Are there any insights that lead to negative growth? Justify with specific reason.

Positive Impact - Since certain genre combinations achieve higher average ratings, focusing on similar content themes can improve quality rather than focussing only on one genre.

Negative Impact - Not limit the content of the movies/shows based on only one genre.

#### Chart - 10

In [None]:
# Chart - 10 visualization code
# Lineplot to calculate the movies released per year
movies_per_year = df[df["type"] == "MOVIE"].groupby("release_year").size().reset_index(name='count')
sns.lineplot(data=movies_per_year,x="release_year",y="count")
plt.title("Movies Released per Year")
plt.xlabel("Release Year")
plt.ylabel("Number of Movies")
plt.show()

##### 1. Why did you pick the specific chart?

The linechart was used because Release year is a time-based variable, and a line plot is best to show trends over time against movies.

##### 2. What is/are the insight(s) found from the chart?

**INSIGHTS:**

- The number of movies released per year shows a steady increase over time, especially after the year 2000.

- There is a sharp rise in movie production in recent years, indicating rapid content expansion.

- A  drop at the end suggests data availability or recent-year impact rather than an actual decline.

##### 3. Will the gained insights help creating a positive business impact?
Are there any insights that lead to negative growth?
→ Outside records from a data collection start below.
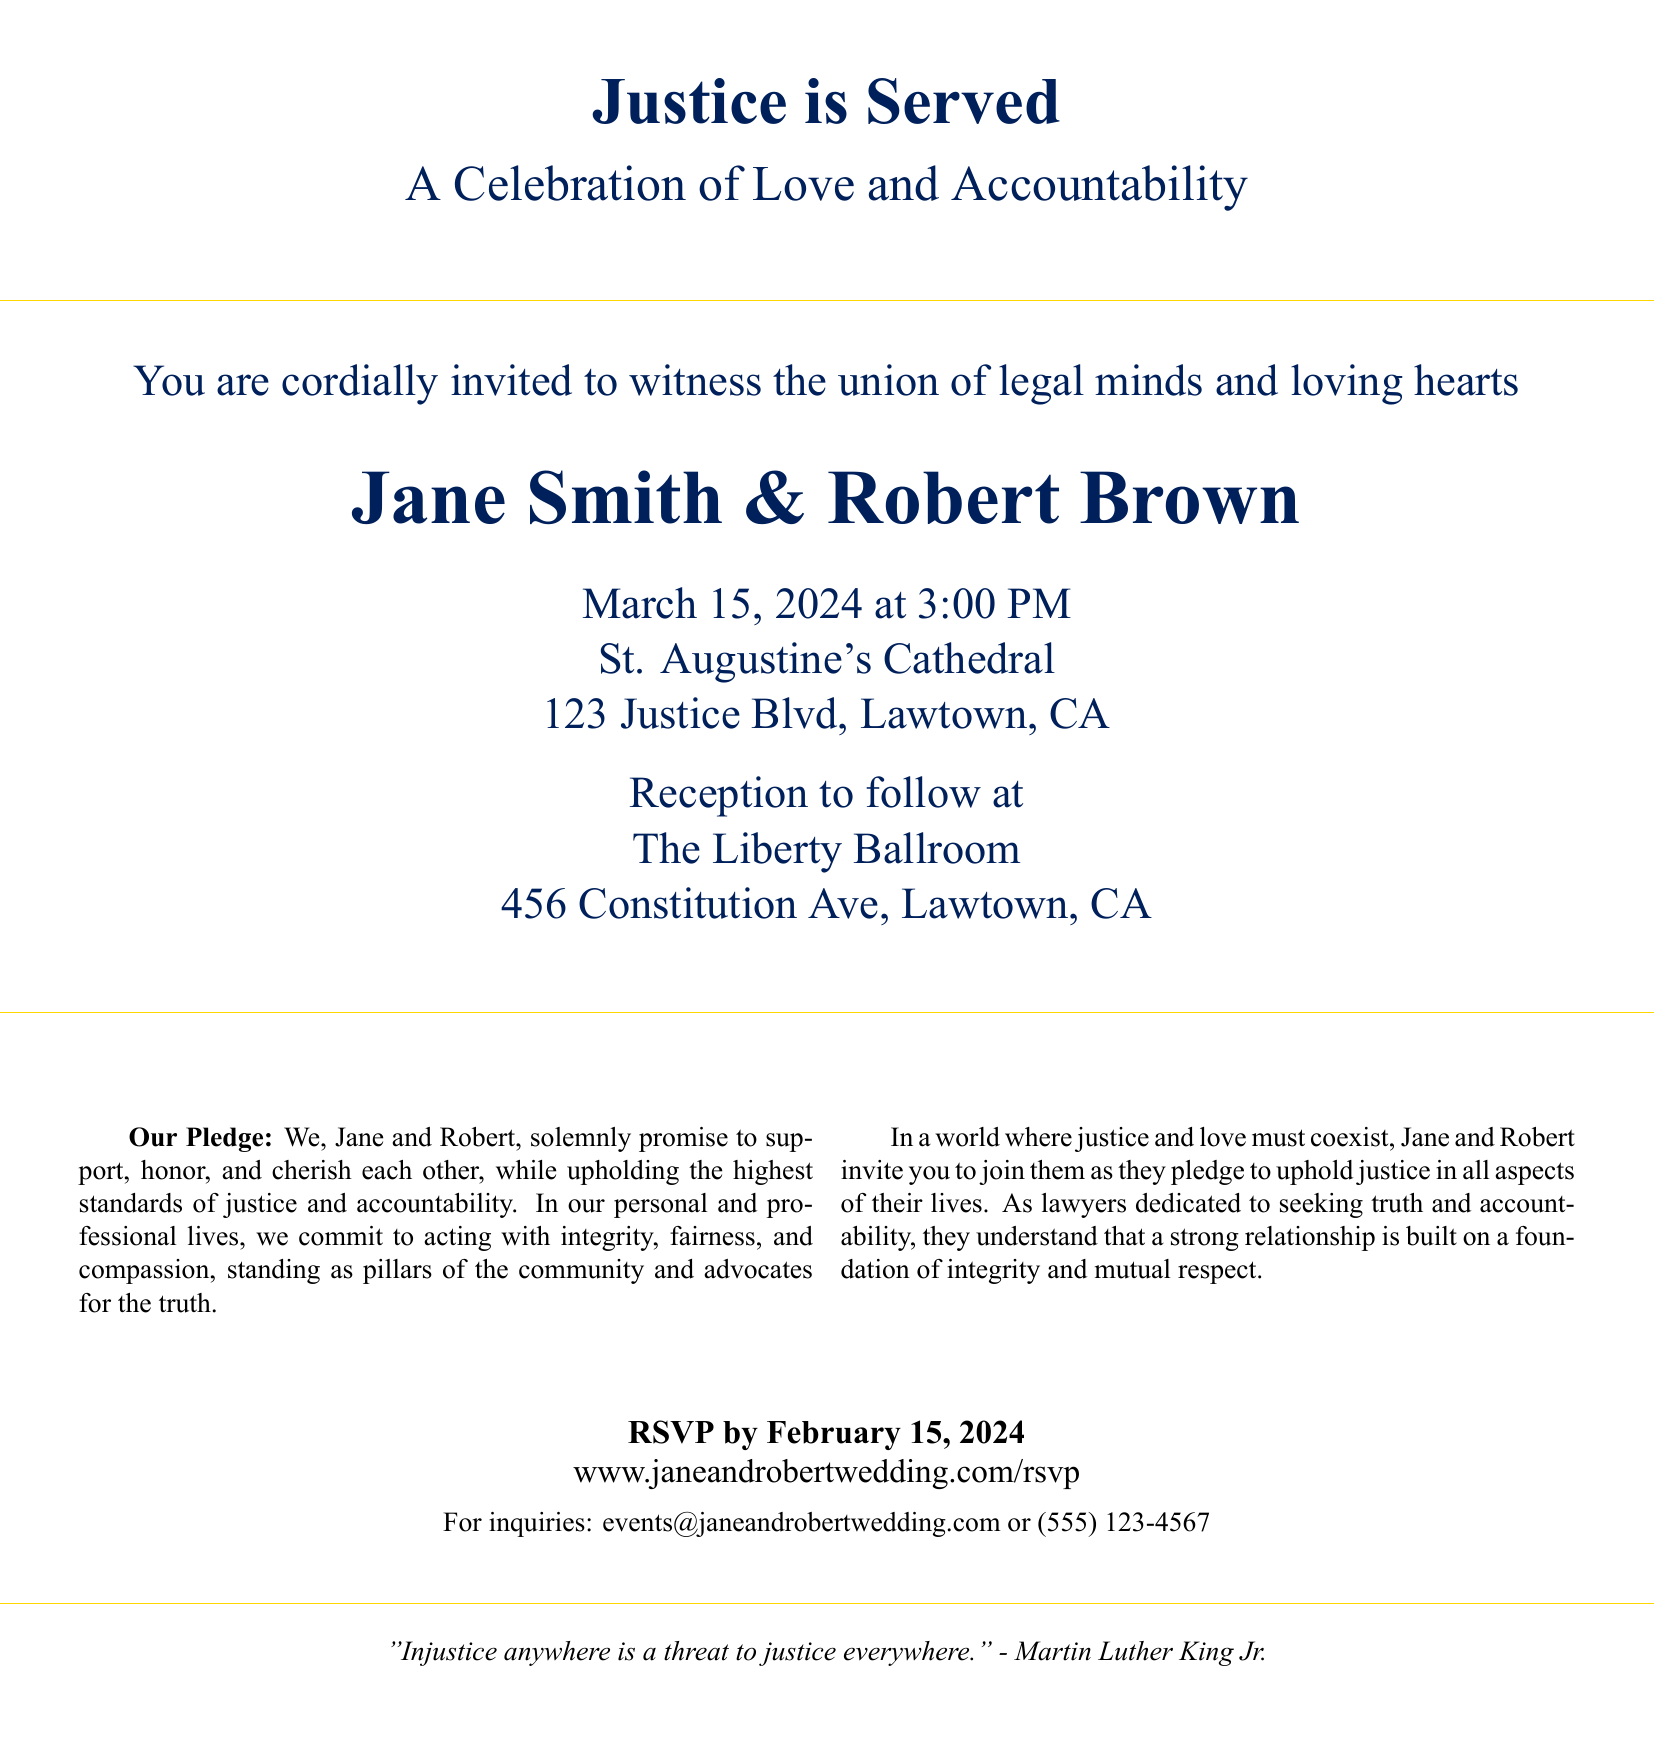What is the title of the event? The title of the event is prominently displayed at the top of the invitation, indicating the theme of the ceremony.
Answer: Justice is Served Who are the couple getting married? The names of the couple are highlighted in a larger font size for emphasis on the invitation.
Answer: Jane Smith & Robert Brown What is the date of the wedding ceremony? The date of the ceremony is clearly specified on the invitation, providing essential information to the guests.
Answer: March 15, 2024 Where will the ceremony take place? The venue of the ceremony is mentioned just below the date, detailing the location for the gathering.
Answer: St. Augustine's Cathedral What is included in the couple's pledge? The couple's pledge is a significant part of the invitation, outlining their commitment during the ceremony.
Answer: Support, honor, and cherish each other What time does the ceremony start? The starting time of the ceremony is explicitly stated to inform attendees when to arrive.
Answer: 3:00 PM What is the RSVP deadline? The RSVP deadline ensures that guests respond by a specific date, which is indicated on the invitation.
Answer: February 15, 2024 What is the theme of the couple's marriage? The theme reflects the couple's values and their professional background as lawyers, which is important for the invited guests to know.
Answer: Love and Accountability What is the significance of the quote included at the end of the invitation? The quote ties back to the overall theme of justice and is attributed to a renowned figure, connecting the event to a broader context.
Answer: Injustice anywhere is a threat to justice everywhere

Justify with specific reason.

Since movie production has increased significantly over the years, the platform can plan focus more on producing movies.

#### Chart - 11

In [None]:
# Chart - 11 visualization code
# Boxplot comparing runtime and rating category
plt.figure(figsize=(7,5))
sns.boxplot(data=df,x="rating_category",y="runtime",color="yellow")
plt.title("Runtime by Rating Category")
plt.xlabel("Rating Category")
plt.ylabel("Runtime (minutes)")
plt.show()

##### 1. Why did you pick the specific chart?

Runtime is a numeric variable and rating category is categorical.
A box plot is suitable to compare runtime distribution, median, and outliers across categories.
Barplot can also be used for this analysis.

##### 2. What is/are the insight(s) found from the chart?

**INSIGHTS:**

- Medium and Low-rated content have similar median runtimes, mostly around 90–110 minutes.

- High-rated content shows a wider runtime spread, indicating flexibility in content length and no outliers too symbolizing movie genre.

- Low-rated content has many extreme outliers, suggesting inconsistent runtime.

##### 3. Will the gained insights help creating a positive business impact?
Are there any insights that lead to negative growth? Justify with specific reason.

Since higher-rated content allows flexible runtimes but averages between 80-120 minutes, content duration planning can be optimized. So production efficiency and viewer experience can be improved.

#### Chart - 12

In [None]:
# Chart - 12 visualization code
# Barplot comparing Average imdb score and Age certification
avg_age = df.groupby("age_certification")["imdb_score"].mean().reset_index()
sns.barplot(data=avg_age,x="age_certification",y="imdb_score")
plt.title("Average IMDb Score by Age Certification")
plt.xlabel("Age Certification")
plt.ylabel("Average IMDb Score")
plt.xticks(rotation=45)
plt.show()

##### 1. Why did you pick the specific chart?

A bar chart is suitable to compare average ratings across categories.
It helps understand how content ratings vary by target audience age group.

##### 2. What is/are the insight(s) found from the chart?

**INSIGHTS:**

- TV-MA and TV-PG content have the highest average IMDb scores, indicating better audience reception for mature and teen-focused content.

- NC-17 content has the lowest average rating, suggesting limited audience prefer it.

- Family-friendly certifications (G, PG, PG-13) show moderate and consistent ratings, indicating stable but not exceptional performance.

##### 3. Will the gained insights help creating a positive business impact?
Are there any insights that lead to negative growth? Justify with specific reason.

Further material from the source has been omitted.